Hong Kong: Hub for Sanctions Evasion & Russian Military Tech

by Emma Walker – News Editor

Hong Kong has emerged as a critical hub in a network supplying Russia’s military with vital European technology, circumventing international sanctions imposed after the 2022 invasion of Ukraine. A new report by the Committee for Freedom in Hong Kong Foundation (CFHK) details how traders based in Hong Kong and mainland China are channeling semiconductors, sensors, and other components – manufactured by firms like Dutch NXP Semiconductor and German Infineon Technologies – to Russian importers, including those already sanctioned by the West.

The findings, published in the report “Bypassing the Blockade,” are based on analysis of battlefield forensics from the Ukraine defense ministry, export data, and corporate records. Researchers found that seven Hong Kong and China-based traders shipped military-leverage technology produced by over 20 European manufacturers to Russian entities between 2022 and 2024. These shipments, worth nearly $28 million in some cases, have largely escaped scrutiny from international authorities.

The report highlights a systemic weakness in the sanctions regime. Even as the European Commission and the U.S. Have targeted hundreds of individuals and firms allegedly financing the war, and implemented export controls, Hong Kong has refused to enforce these measures, adhering only to United Nations sanctions. This policy, coupled with a permissive business environment, has allowed a network of intermediaries to flourish.

One key intermediary identified in the report is Woeroon Electronic Sourcing Ltd., and its Shenzhen sister company. The researchers found Woeroon facilitated the transfer of hundreds of technological goods worth nearly $28 million between 2022 and 2024. The company remains unsanctioned. “Woeroon’s case is indicative of a much bigger problem,” the report states, emphasizing that Hong Kong functions as “a systemic hub for the routing of sanctioned goods and payments to Russia.” Woeroon did not respond to requests for comment from the International Consortium of Investigative Journalists (ICIJ), which collaborated on the report.

The flow of technology isn’t limited to direct exports. Some Hong Kong traders, controlled by Russian nationals, are bypassing checks by sourcing Western technology manufactured in factories in Asia and North Africa, according to the CFHK report. This adds a layer of complexity to tracking and intercepting these shipments.

The findings echo a broader trend identified in recent investigations. A 2023 investigation led by ICIJ’s media partners NDR, WDR and Süddeutsche Zeitung uncovered a network of shell companies in Cyprus used to procure Western military technology for Russia’s surveillance program. That investigation too revealed the involvement of Hong Kong entities in the illicit procurement network, including one used to ship an Italian-manufactured drilling head to Russia in 2024, mislabeled as “working tools.”
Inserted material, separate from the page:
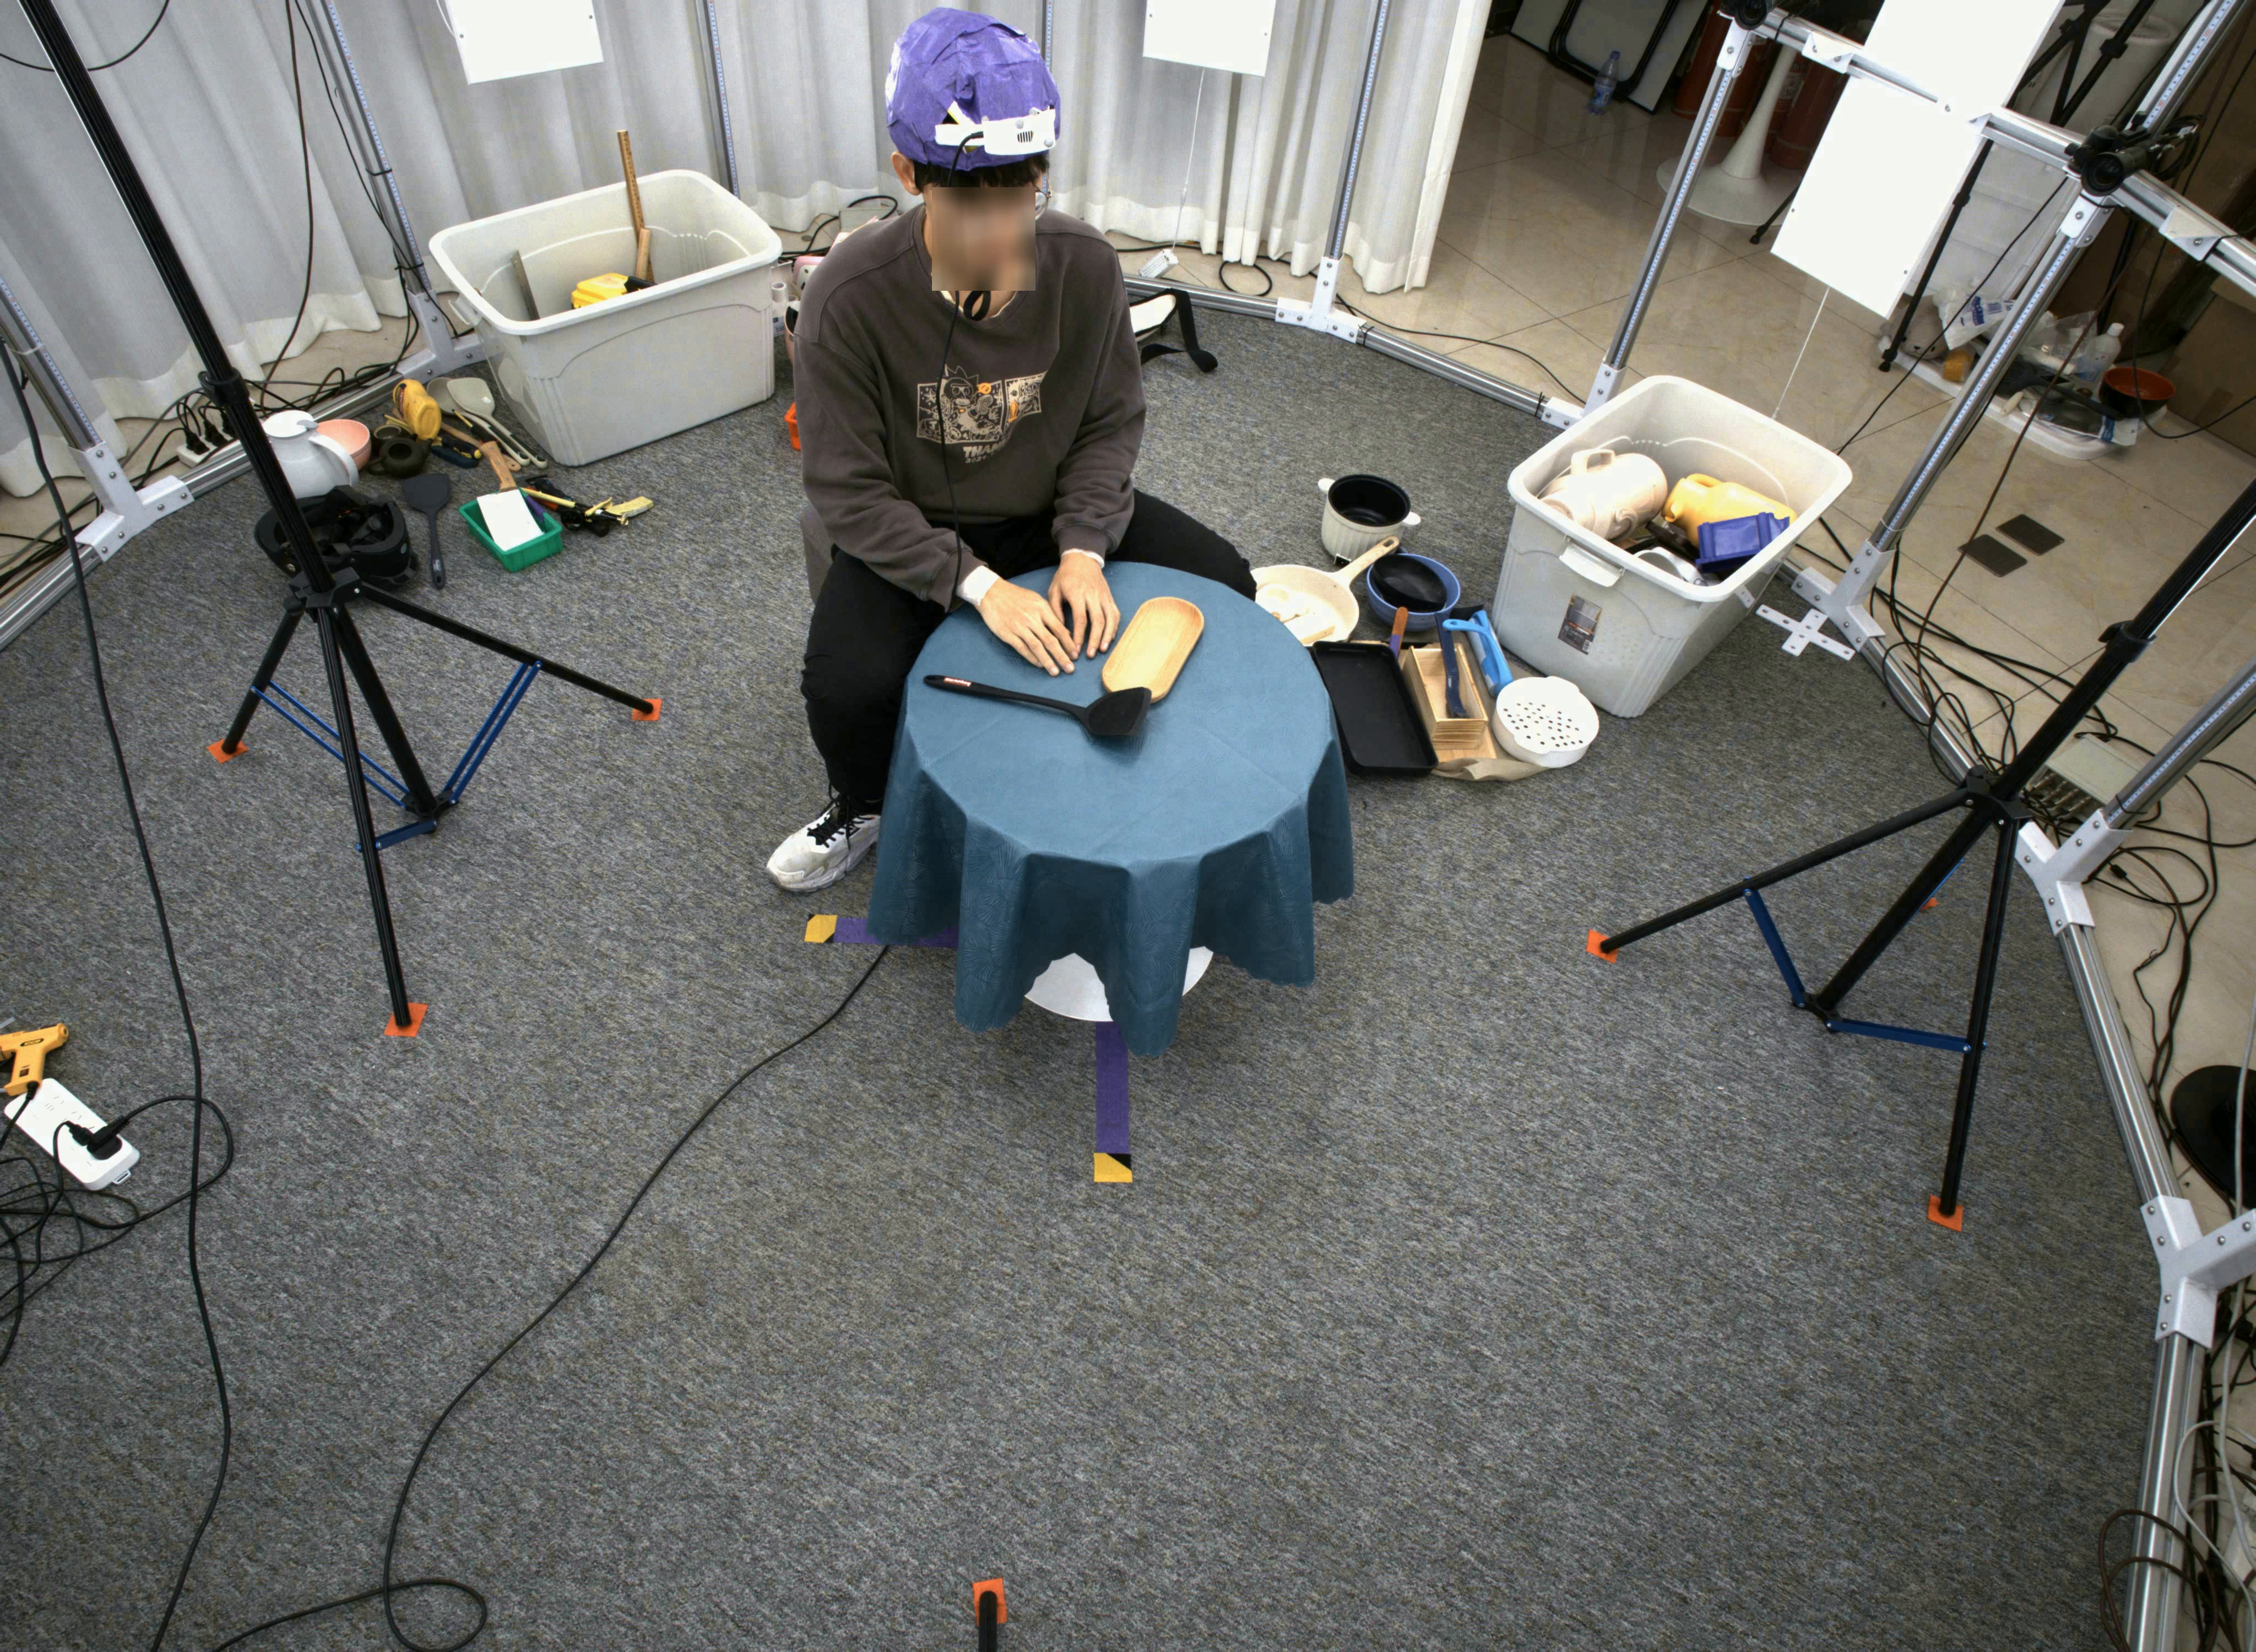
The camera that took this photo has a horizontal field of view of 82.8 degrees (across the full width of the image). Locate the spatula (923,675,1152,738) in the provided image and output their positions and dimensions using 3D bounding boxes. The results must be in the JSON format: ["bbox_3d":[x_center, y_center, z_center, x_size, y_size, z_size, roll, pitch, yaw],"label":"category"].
[{"bbox_3d":[-0.131,-0.180,1.791,0.327,0.039,0.102,14,48,8],"label":"spatula"}]

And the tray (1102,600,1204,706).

The scale of the circumvention is significant. Research published in February 2026 by B4Ukraine, the Norwegian Helsinki Committee, and Corisk found that $23.7 billion in goods produced by Western companies reached Russia via China and Hong Kong between April 2022 and July 2024. This included $9.2 billion produced inside Western countries, with substantial amounts of sanctioned components like aircraft parts, integrated circuits, and automotive parts. B4Ukraine called on the EU and G7 governments to accept urgent action to halt these exports.

While acknowledging the challenges, David O’Sullivan, the EU’s sanctions envoy, recently told The Guardian that sanctions against Russia have been effective in crippling its economic and military power. However, he conceded that China’s support for Moscow remains a concern. “China’s answer is always the same: ‘Nothing to see here. We don’t know what you’re talking about. We don’t see any problem,’” O’Sullivan said.

The CFHK report recommends a shift in strategy, urging democratic countries to target individual businesspeople and block them from forming new companies or utilizing unsanctioned entities within the same business group. Researchers also call for adding Hong Kong to the list of high-risk jurisdictions for financial crimes and for Western governments to enforce existing sanctions laws more rigorously. The report concludes that the “decisive levers are not at local borders, but in rules imposed on European firms with respect to their global manufacturing, distribution, and compliance practices.” Representatives from the Chinese Embassy and the Hong Kong Economic and Trade Office in Washington D.C. Did not respond to ICIJ’s requests for comment.